Menurut Renewable Energy World, proyek Marmok Atlantic telah berhasil memasang prototipe konverter energi gelombang terapung (WEC) di lokasi uji Biscay Marine Energy Platform (BiMEP) di lepas pantai Bilbao, Spanyol. Prototipe yang diberi nama Marmok-A-5 dan dikembangkan oleh Idom ini adalah WEC pertama yang terhubung ke jaringan listrik melalui pelampung terapung. Ini adalah salah satu dari tiga proyek energi gelombang di bawah program penelitian EuropeWave Uni Eropa.

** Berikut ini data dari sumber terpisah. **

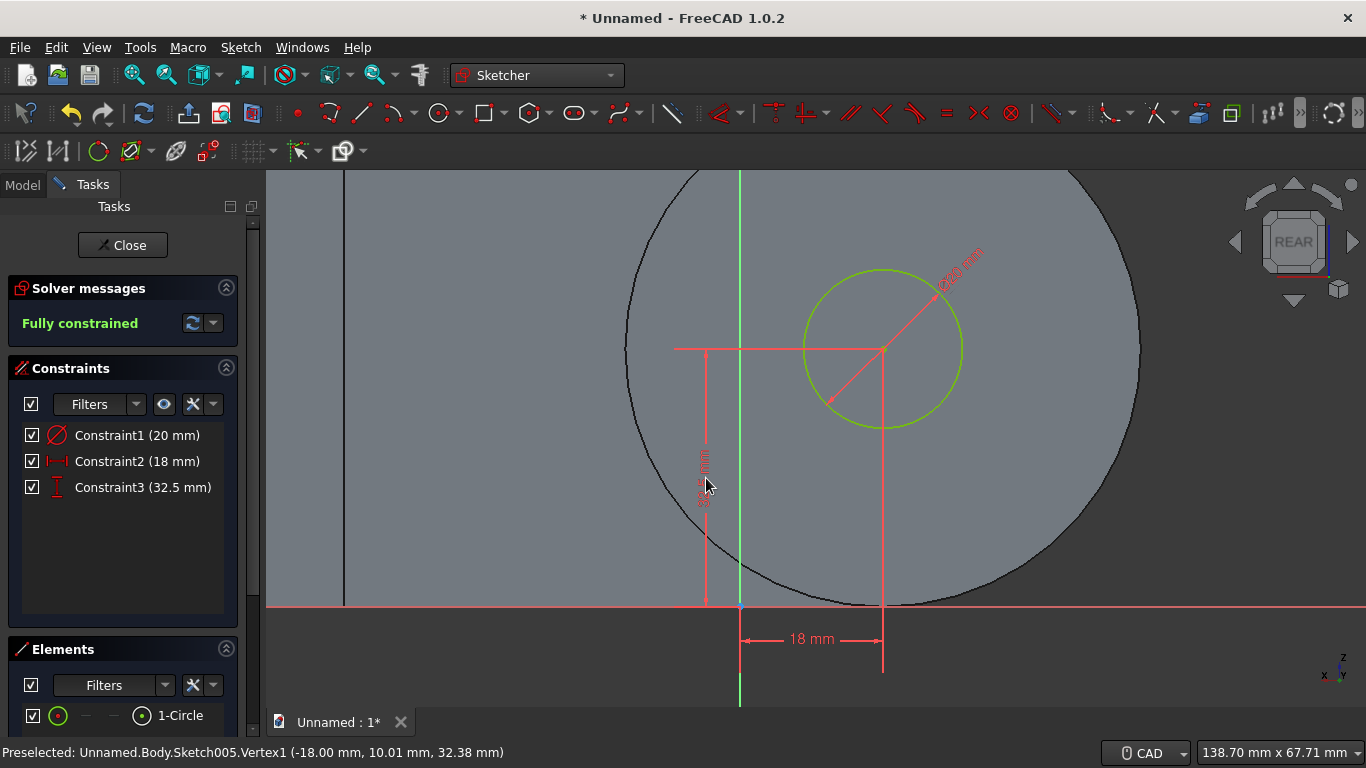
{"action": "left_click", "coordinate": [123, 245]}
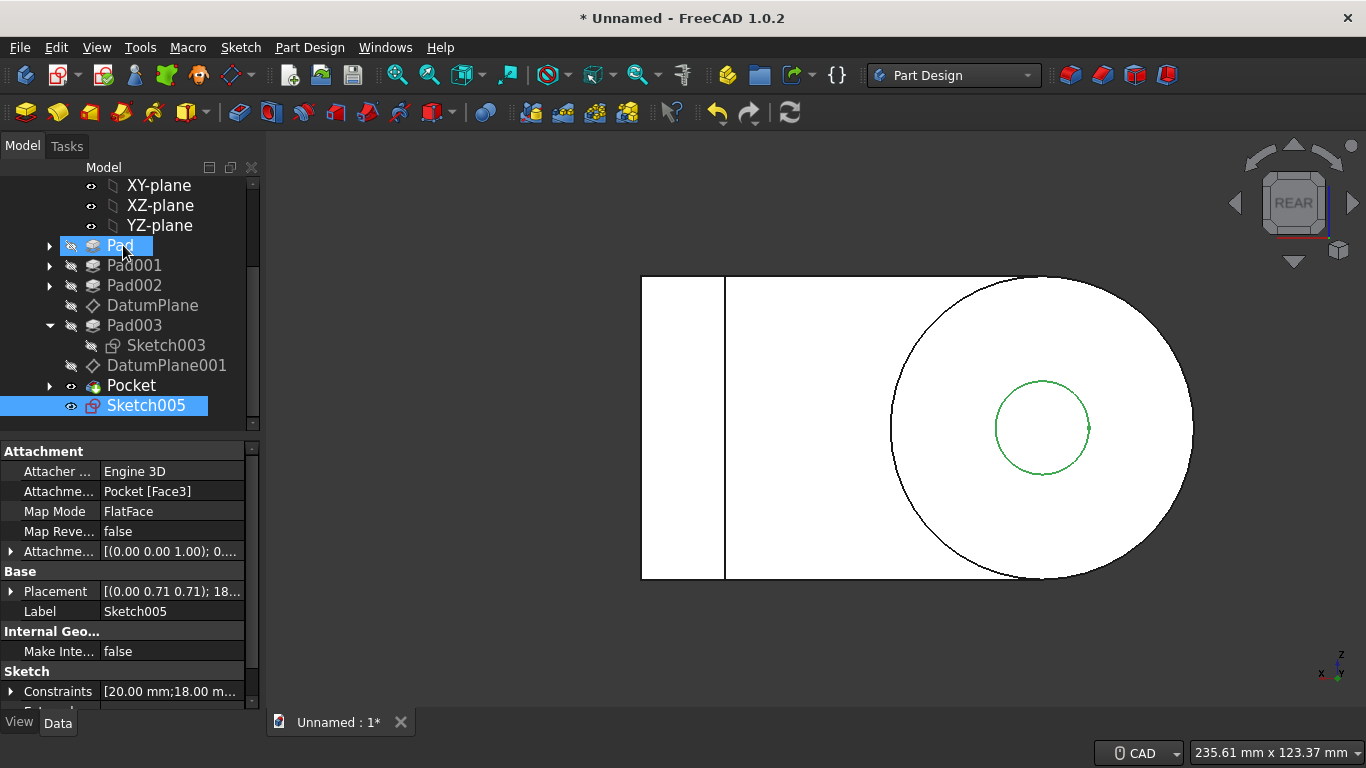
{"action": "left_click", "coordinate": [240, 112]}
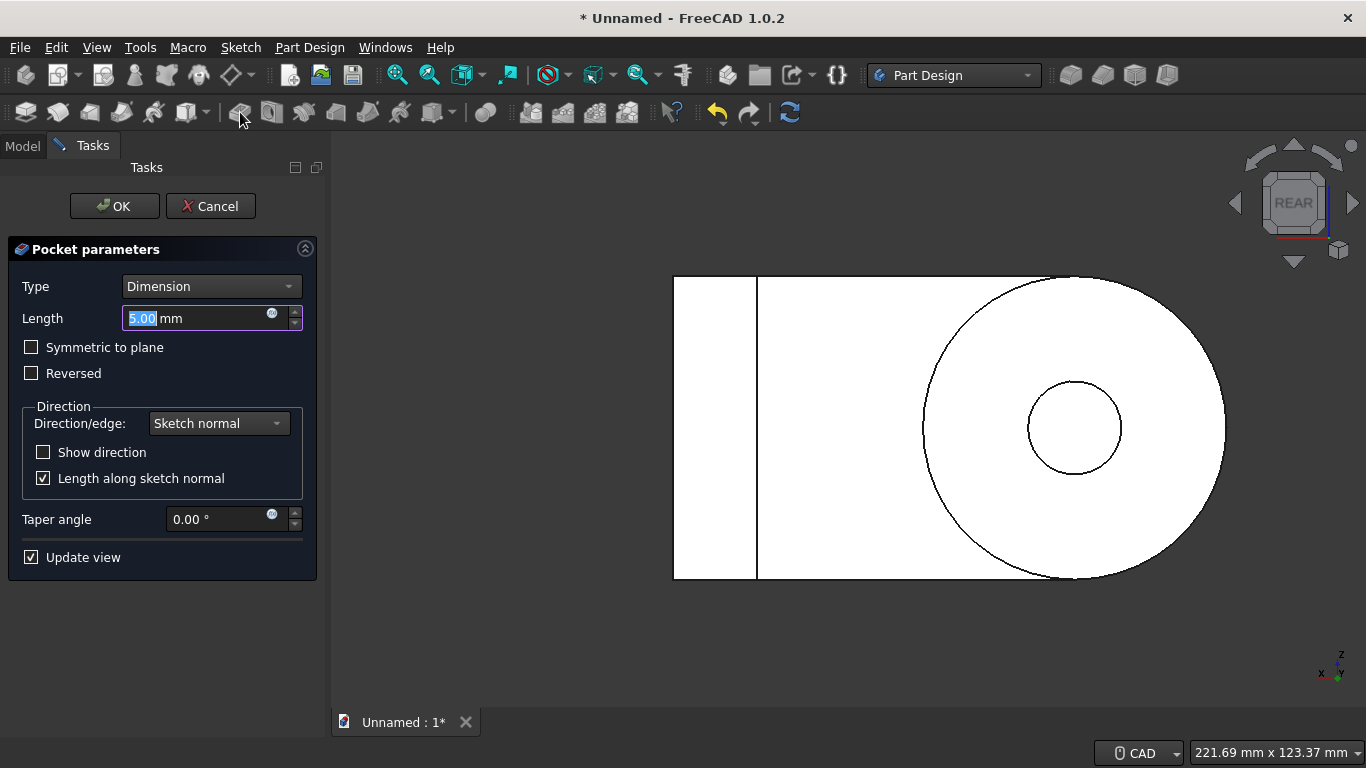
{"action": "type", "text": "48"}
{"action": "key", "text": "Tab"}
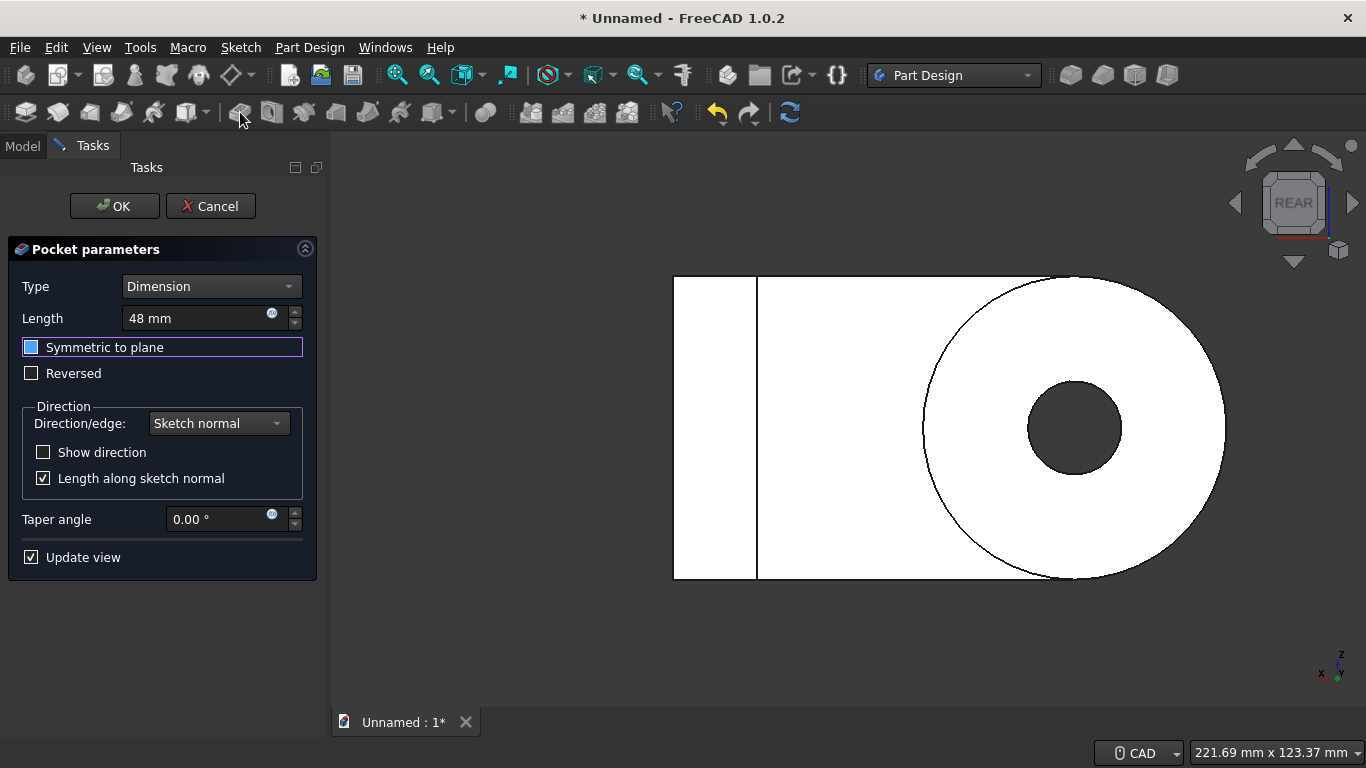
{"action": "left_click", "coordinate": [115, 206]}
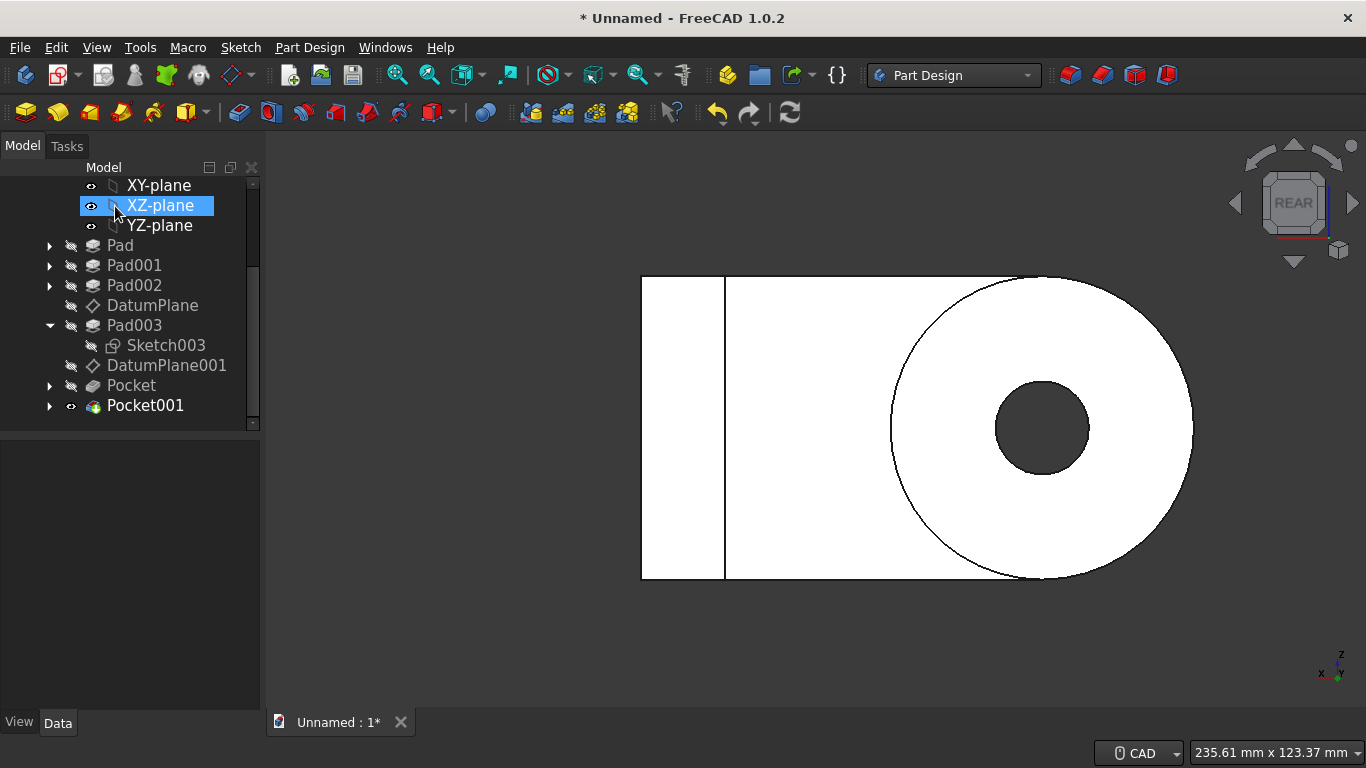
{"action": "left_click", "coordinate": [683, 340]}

Struktur utama Marmok adalah pelampung yang berisi kolom air silindris di dalamnya. Seluruh perangkat memiliki tinggi 42 meter, dengan bagian sepanjang 5 meter dan berdiameter 5 meter yang menonjol di atas air dan ditambatkan ke dasar laut pada kedalaman hampir 90 meter. Selama beroperasi, gelombang laut mendorong pelampung, menyebabkan kolom air di dalamnya bergerak relatif terhadap pelampung. Gerakan ini bertindak seperti piston, menekan dan mengembangkan ruang udara di bagian atas pelampung. Aliran udara yang berosilasi memutar turbin, menghasilkan listrik yang ditransmisikan ke darat melalui kabel bawah laut.
Versi-versi sebelumnya dari Marmok telah digunakan sejak tahun 2016. Versi terbaru ini menawarkan sistem kontrol cerdas, baling-baling yang dapat disesuaikan, dan paket baterai terintegrasi, yang bertujuan untuk menunjukkan potensinya dalam pembangkitan energi lepas pantai dalam kondisi nyata.
Menurut New Atlas, Marmok-A-5 hanya dapat menghasilkan daya listrik maksimal 30 kW, cukup untuk memasok listrik bagi 15-20 rumah tangga di AS. Setelah Marmok-A-5 berhasil dipasang dan terhubung ke jaringan listrik, tugas selanjutnya adalah mengoperasikannya secara penuh. Data yang dikumpulkan dari pengujian akan membantu merencanakan fase selanjutnya dalam penyempurnaan teknologi sebelum komersialisasi dan penyebaran luas. Dalam beberapa minggu mendatang, Idom akan menguji sistem penggerak daya (PTO) Marmok-A-5 dan meningkatkan pengoperasiannya untuk mencapai efisiensi yang lebih tinggi.
Ini bukan satu-satunya perangkat konversi energi gelombang di laut. Pada tahun 2024, Universitas Western Australia juga menguji desain WEC (Wave Energy Converter) besar yang terdiri dari rangka baja yang dipasang pada empat pelampung apung. Tantangan utama bagi para peneliti adalah membangun sistem yang dapat diskalakan, tahan terhadap kondisi lepas pantai yang keras, mudah dirawat, hemat biaya, dan meminimalkan dampak pada ekosistem laut.